For the first time in 13 years, Kashmir has been taken if the list of ‘festering disputes’ in the UN Secretary General’s Annual Report. Observers consider this as a diplomatic windfall for New Delhi.

Simultaneously, there are rumblings in the Security Council for ending the mandate of the UN Military Observer Group in India and Pakistan (UNMOGIP), which has monitored the ceasefire between India and Pakistan in Jammu and Kashmir since 1949.

The General Assembly’s Committee on Programme and Coordination (CPC) decided not to mention UNMOGIP’s “deployment in field and headquarters” for the first time. Pakistan was the only country to object to the change, but was forced to give in to near unanimity.

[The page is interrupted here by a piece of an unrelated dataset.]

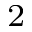Convert formula to latex. <formula><loc_0><loc_0><loc_500><loc_500>_ { 2 }</formula>

India had vehemently objected in private meetings with then secretary-general Boutros Boutros-Ghali and the UN secretariat in 1993 when Kashmir was mentioned as a dispute in the annual report. Since then, the references have often got worse, with Kashmir being bracketed with such crisis spots as Palestine.



Sources at the UN said that in the last two years, New Delhi had gone all out to ensure that there was no reference to the issue. Those efforts have been crowned with success this year. Observers say, that the success is a reflection of India’s emerging profile in the UN and the world and a reflection of the international community’s willingness to see the country as much more than a source of perennial trouble.



The omission of Kashmir in the report is expected to go some way in New Delhi’s bid for a permanent seat in the Security Council.



The omission does not, however, mean that Kashmir is off the UN agenda. Technically, the dispute is still on the table of the Security Council, whose resolutions are in force.